The fact that this study was carried out for fifty minutes, on a particular day and time, could suggest that these results are only applicable to that day. Therefore to gain more insight into the behaviour of such an animal, more research needs to be done on the animal at different times of the day, but under the same weather conditions. This would determine if the time of the day has any affect on the behaviour of such an animal. It may also be advisable to determine whether the type of weather has any affect on the behaviour of such animals.
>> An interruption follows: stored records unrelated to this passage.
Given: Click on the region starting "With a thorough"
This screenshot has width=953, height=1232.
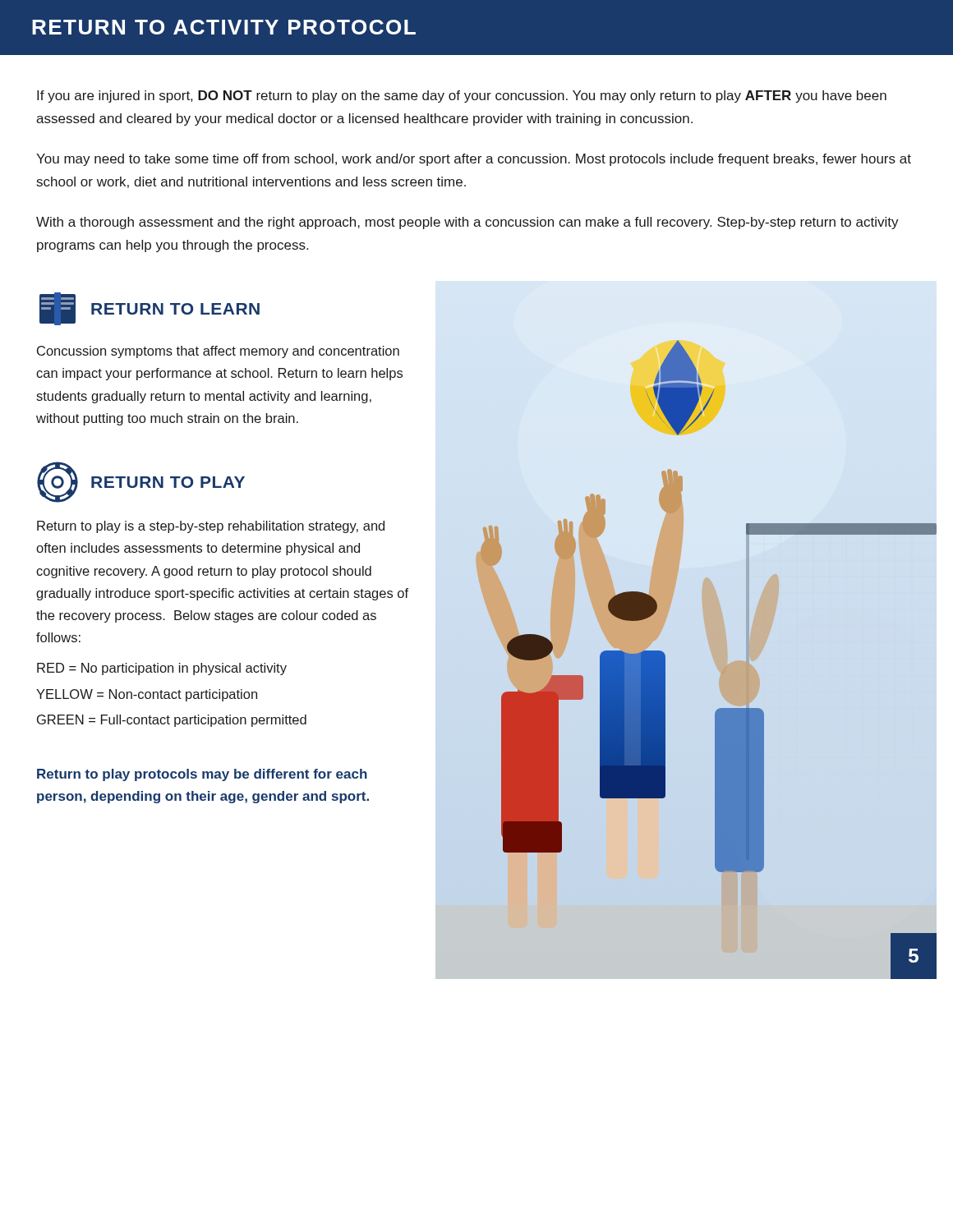Looking at the screenshot, I should 467,234.
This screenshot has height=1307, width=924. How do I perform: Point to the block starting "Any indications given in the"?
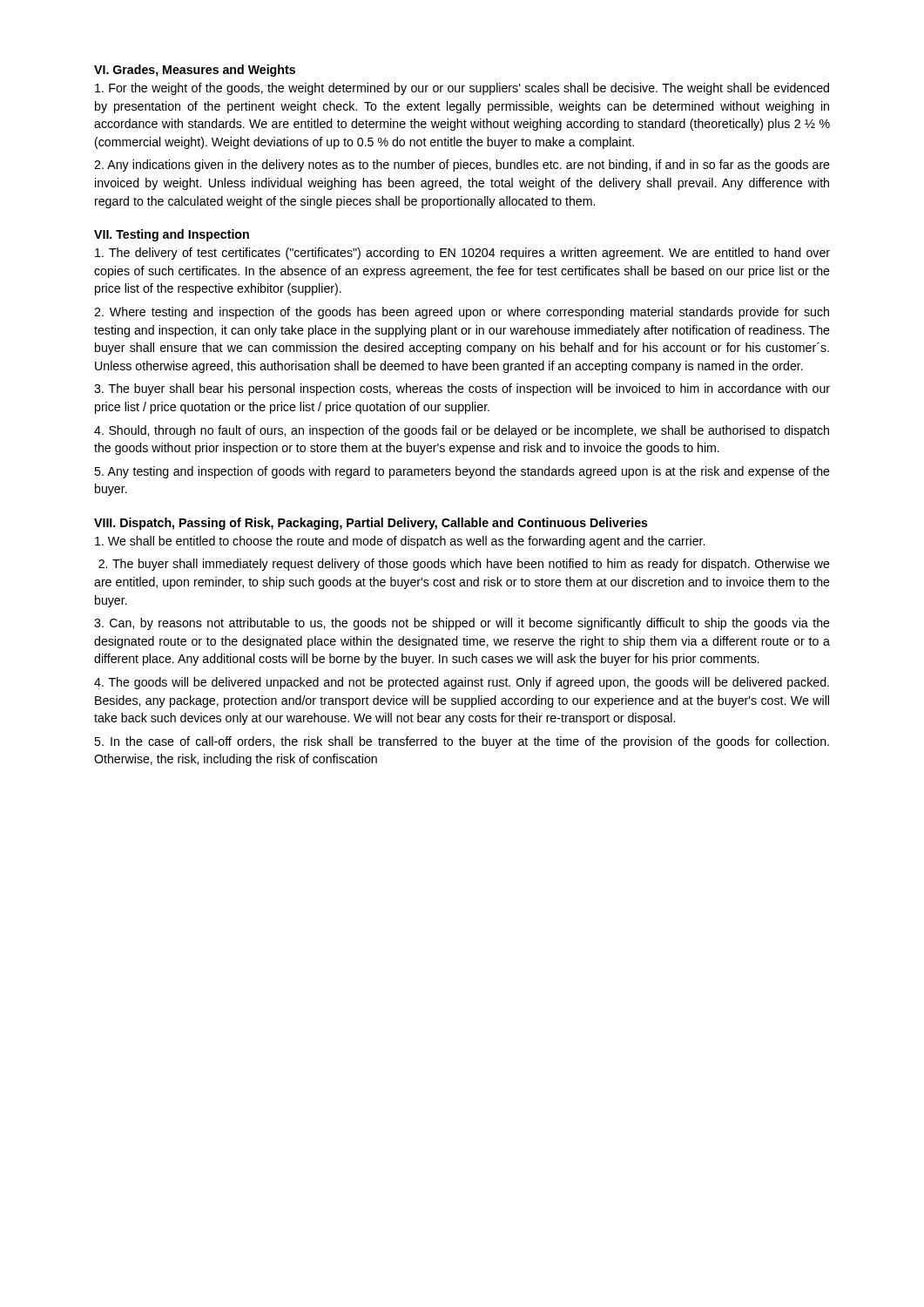pyautogui.click(x=462, y=183)
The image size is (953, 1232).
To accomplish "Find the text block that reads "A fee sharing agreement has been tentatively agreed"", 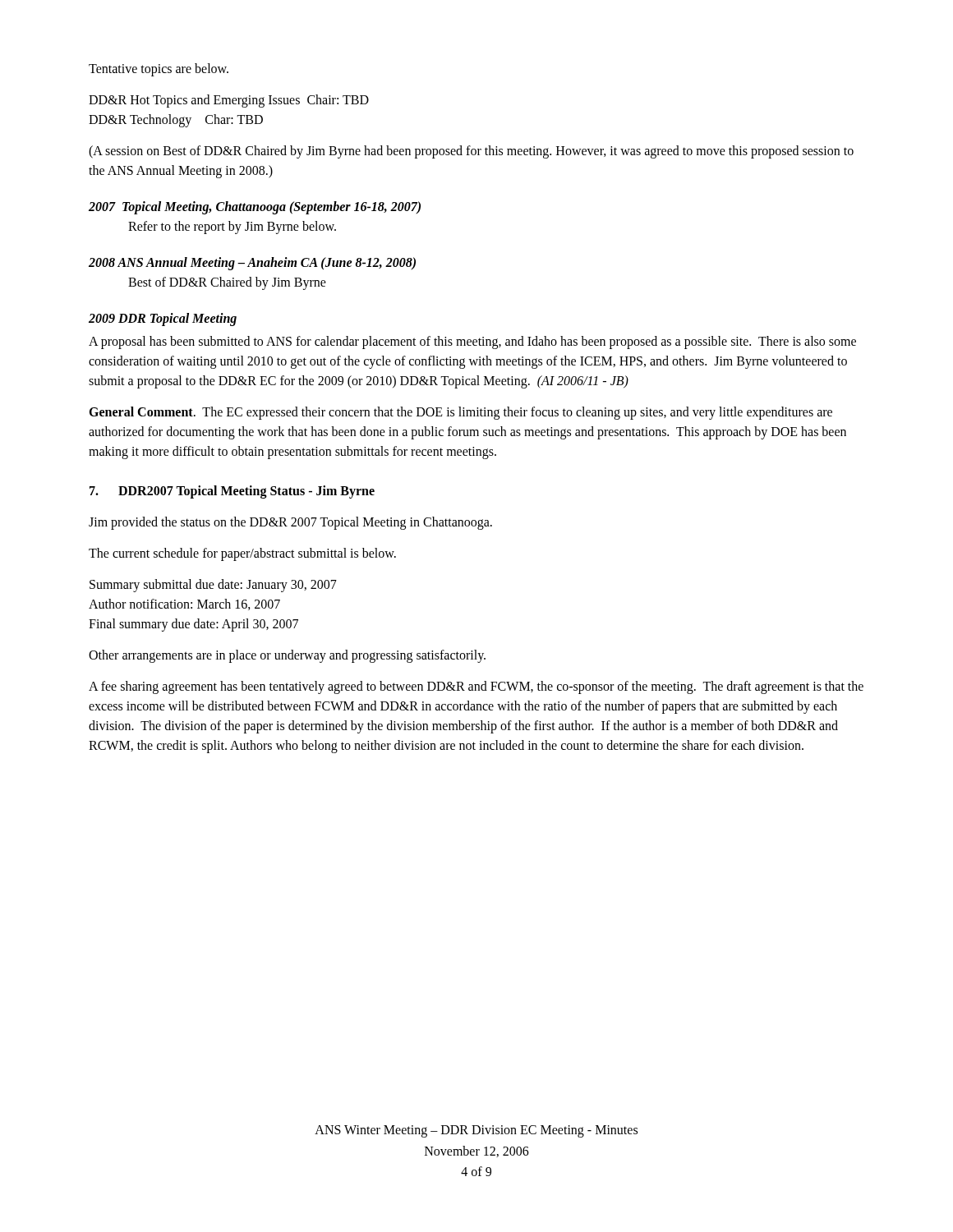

As it was a particularly hot day, the effect of the temperature may have forced animals to move away from each other.
The relevance of this fieldwork trip for AS/A2 biology
There are three main exam boards for AS/A2 biology in England; these are AQA, Edexcel and OCR. To determine the suitability of this type of fieldwork trip, I must first discover the syllabus requirements of the above exam boards.
AQA requirements;
“It is expected that candidates will carry out fieldwork involving the collection of quantitative data from at least one habitat and the application of elementary statistical analysis to the results”. (Taken from www.aqa.org.uk)
Edexcel and OCR
“Candidates should be able to understand the effects of biotic and abiotic factors on the distribution of organisms in a terrestrial and an aquatic habitat; describe qualitative and quantitative field techniques, including different methods of sampling used to investigate the distribution of organisms in a specific terrestrial, freshwater or marine littoral habitat. Practical work to include the study of the distribution of plants and animals in at least one habitat and investigations of the influence of abiotic factors on them.” (Taken from www.edexcel.org and www.ocr.org).
The work that we have carried out during our field trip clearly, meets all of the requirements of the above exam boards for both AS and A level biology. The data collected also enables candidates to analyse the results via statistical means.